AIM OF THE TASK: Determine how many lines in the entries below include the word "genoemd", and reply with that number alone.

[Records from a dataset]
.....
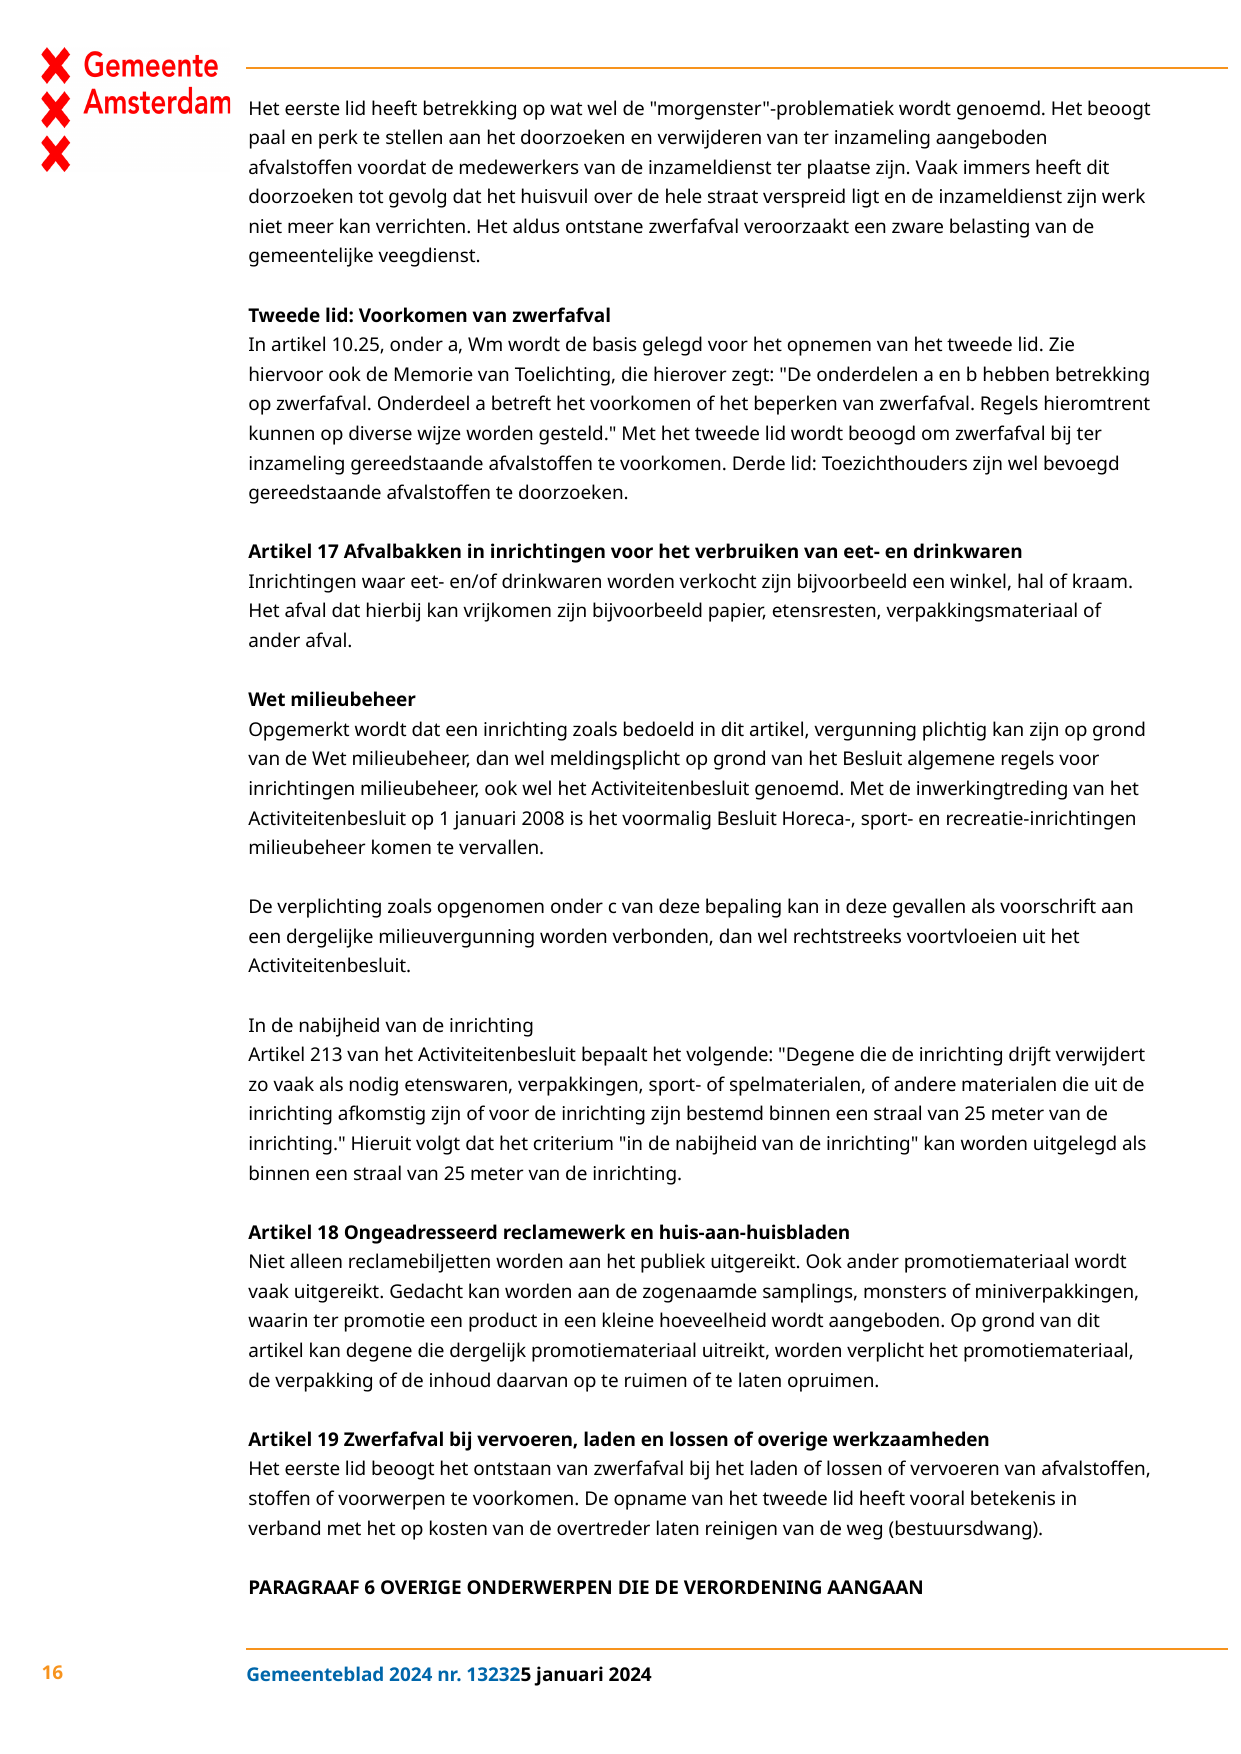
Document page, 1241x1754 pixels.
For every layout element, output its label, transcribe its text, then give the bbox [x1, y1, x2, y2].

text Niet alleen reclamebiljetten worden aan het publiek uitgereikt. Ook ander promotiemateriaal wordt vaak uitgereikt. Gedacht kan worden aan de zogenaamde samplings, monsters of miniverpakkingen, waarin ter promotie een product in een kleine hoeveelheid wordt aangeboden. Op grond van dit artikel kan degene die dergelijk promotiemateriaal uitreikt, worden verplicht het promotiemateriaal, de verpakking of de inhoud daarvan op te ruimen of te laten opruimen. [248, 1248, 1152, 1393]
text Artikel 19 Zwerfafval bij vervoeren, laden en lossen of overige werkzaamheden [248, 1426, 1152, 1452]
text Het eerste lid heeft betrekking op wat wel de "morgenster"-problematiek wordt genoemd. Het beoogt paal en perk te stellen aan het doorzoeken en verwijderen van ter inzameling aangeboden afvalstoffen voordat de medewerkers van de inzameldienst ter plaatse zijn. Vaak immers heeft dit doorzoeken tot gevolg dat het huisvuil over de hele straat verspreid ligt en de inzameldienst zijn werk niet meer kan verrichten. Het aldus ontstane zwerfafval veroorzaakt een zware belasting van de gemeentelijke veegdienst. [248, 95, 1152, 268]
text Opgemerkt wordt dat een inrichting zoals bedoeld in dit artikel, vergunning plichtig kan zijn op grond van de Wet milieubeheer, dan wel meldingsplicht op grond van het Besluit algemene regels voor inrichtingen milieubeheer, ook wel het Activiteitenbesluit genoemd. Met de inwerkingtreding van het Activiteitenbesluit op 1 januari 2008 is het voormalig Besluit Horeca-, sport- en recreatie-inrichtingen milieubeheer komen te vervallen. [248, 716, 1152, 860]
text Wet milieubeheer [248, 686, 1152, 712]
picture [41, 47, 231, 172]
text Artikel 213 van het Activiteitenbesluit bepaalt het volgende: "Degene die de inrichting drijft verwijdert zo vaak als nodig etenswaren, verpakkingen, sport- of spelmaterialen, of andere materialen die uit de inrichting afkomstig zijn of voor de inrichting zijn bestemd binnen een straal van 25 meter van de inrichting." Hieruit volgt dat het criterium "in de nabijheid van de inrichting" kan worden uitgelegd als binnen een straal van 25 meter van de inrichting. [248, 1041, 1152, 1186]
text Het eerste lid beoogt het ontstaan van zwerfafval bij het laden of lossen of vervoeren van afvalstoffen, stoffen of voorwerpen te voorkomen. De opname van het tweede lid heeft vooral betekenis in verband met het op kosten van de overtreder laten reinigen van de weg (bestuursdwang). [248, 1456, 1152, 1541]
text Inrichtingen waar eet- en/of drinkwaren worden verkocht zijn bijvoorbeeld een winkel, hal of kraam. Het afval dat hierbij kan vrijkomen zijn bijvoorbeeld papier, etensresten, verpakkingsmateriaal of ander afval. [248, 568, 1152, 653]
text Tweede lid: Voorkomen van zwerfafval [248, 302, 1152, 328]
text De verplichting zoals opgenomen onder c van deze bepaling kan in deze gevallen als voorschrift aan een dergelijke milieuvergunning worden verbonden, dan wel rechtstreeks voortvloeien uit het Activiteitenbesluit. [248, 893, 1152, 978]
text PARAGRAAF 6 OVERIGE ONDERWERPEN DIE DE VERORDENING AANGAAN [248, 1574, 1152, 1600]
text In de nabijheid van de inrichting [248, 1012, 1152, 1038]
text Artikel 18 Ongeadresseerd reclamewerk en huis-aan-huisbladen [248, 1219, 1152, 1245]
text Artikel 17 Afvalbakken in inrichtingen voor het verbruiken van eet- en drinkwaren [248, 538, 1152, 564]
text In artikel 10.25, onder a, Wm wordt de basis gelegd voor het opnemen van het tweede lid. Zie hiervoor ook de Memorie van Toelichting, die hierover zegt: "De onderdelen a en b hebben betrekking op zwerfafval. Onderdeel a betreft het voorkomen of het beperken van zwerfafval. Regels hieromtrent kunnen op diverse wijze worden gesteld." Met het tweede lid wordt beoogd om zwerfafval bij ter inzameling gereedstaande afvalstoffen te voorkomen. Derde lid: Toezichthouders zijn wel bevoegd gereedstaande afvalstoffen te doorzoeken. [248, 331, 1152, 505]
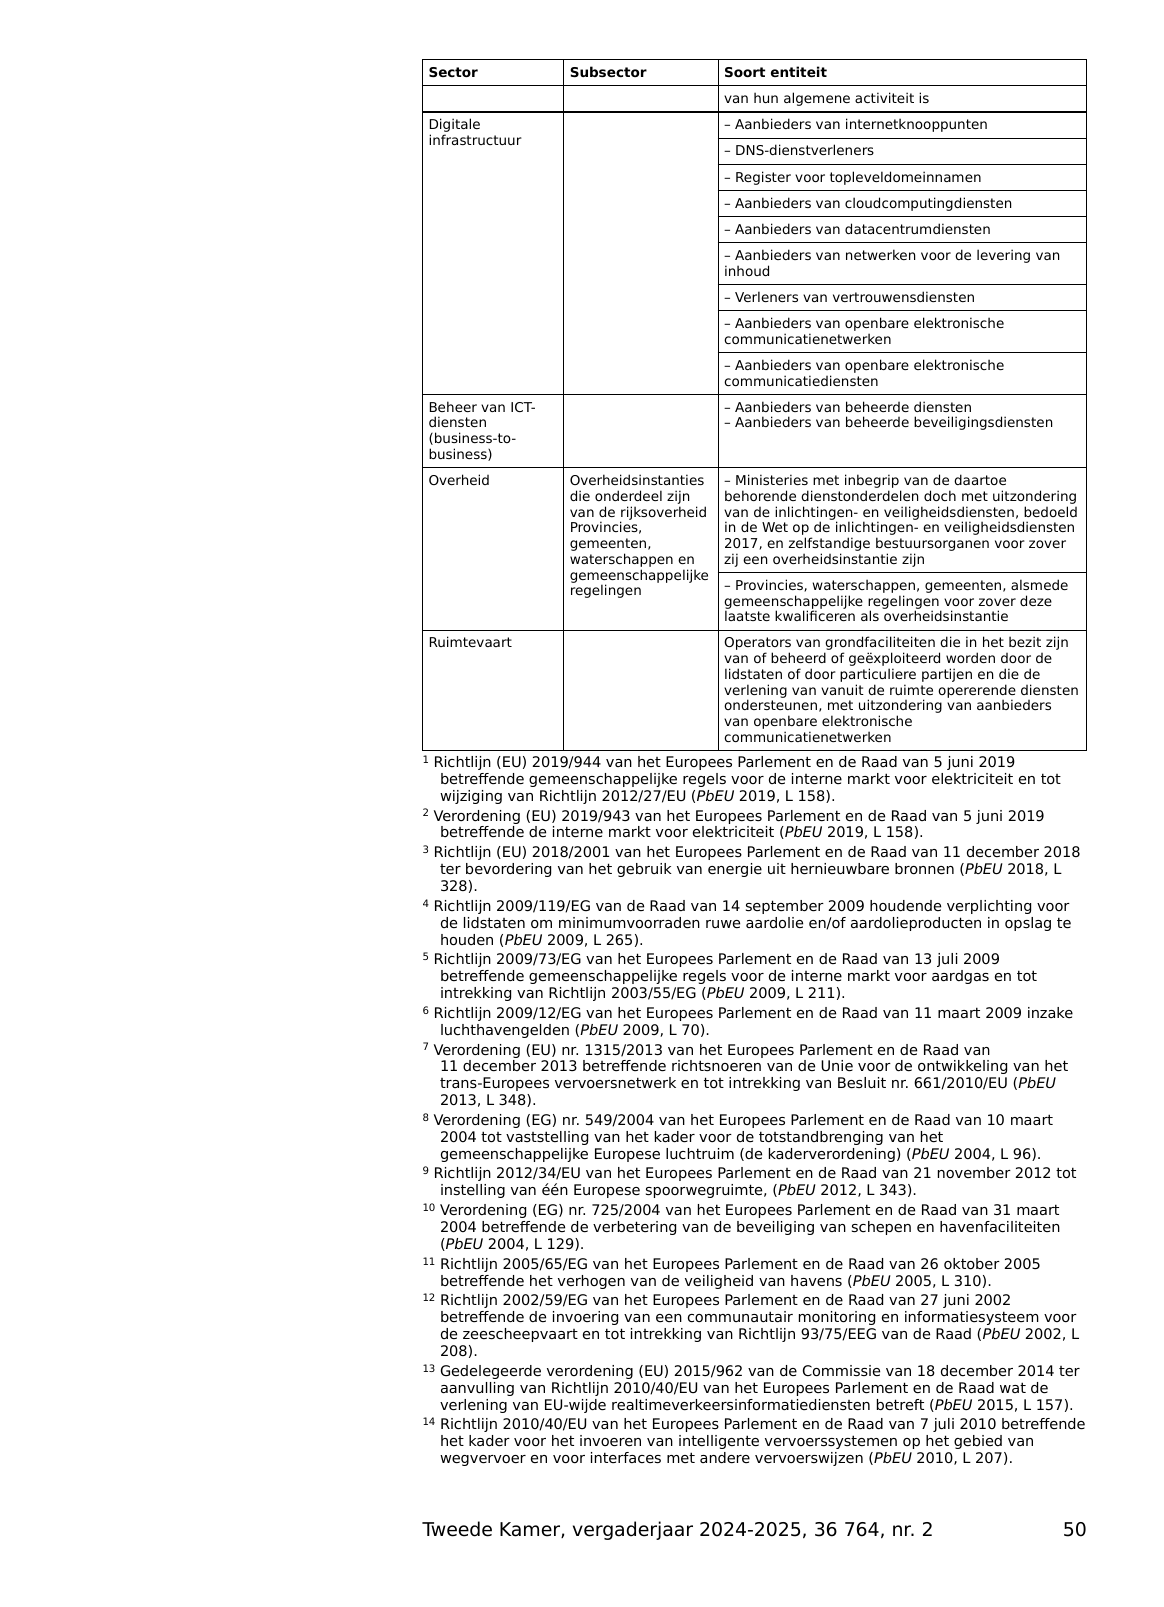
.....
RESULT OF THE EXERCISE: 2